--- DATA TO EXAMINE ---

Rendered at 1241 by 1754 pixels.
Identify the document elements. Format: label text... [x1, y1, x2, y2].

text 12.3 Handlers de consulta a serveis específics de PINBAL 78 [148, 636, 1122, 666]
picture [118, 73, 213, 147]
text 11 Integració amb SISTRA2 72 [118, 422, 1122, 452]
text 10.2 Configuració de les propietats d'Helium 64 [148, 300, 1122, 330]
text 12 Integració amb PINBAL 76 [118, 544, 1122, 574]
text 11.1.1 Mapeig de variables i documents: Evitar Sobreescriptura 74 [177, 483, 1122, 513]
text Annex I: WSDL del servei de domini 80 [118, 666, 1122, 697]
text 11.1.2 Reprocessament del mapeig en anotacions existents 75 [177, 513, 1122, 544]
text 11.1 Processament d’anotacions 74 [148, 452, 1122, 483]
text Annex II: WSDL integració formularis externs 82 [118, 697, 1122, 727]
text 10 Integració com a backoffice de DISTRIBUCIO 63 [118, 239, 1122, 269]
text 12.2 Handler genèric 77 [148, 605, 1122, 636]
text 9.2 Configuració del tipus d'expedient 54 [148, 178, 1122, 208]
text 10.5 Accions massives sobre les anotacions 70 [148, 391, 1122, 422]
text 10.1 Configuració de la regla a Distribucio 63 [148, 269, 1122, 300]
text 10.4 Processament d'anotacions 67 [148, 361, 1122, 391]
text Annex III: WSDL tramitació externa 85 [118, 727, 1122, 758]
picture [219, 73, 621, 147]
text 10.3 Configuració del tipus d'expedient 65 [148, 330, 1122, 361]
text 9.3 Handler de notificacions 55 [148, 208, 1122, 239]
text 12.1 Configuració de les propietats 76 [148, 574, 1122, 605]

--- EXERCISE INSTRUCTIONS ---
All lines in the entries above that hold the word "expedient" need to be copied.

--- ANSWER BOX ---
text 9.2 Configuració del tipus d'expedient 54 [148, 178, 1122, 208]
text 10.3 Configuració del tipus d'expedient 65 [148, 330, 1122, 361]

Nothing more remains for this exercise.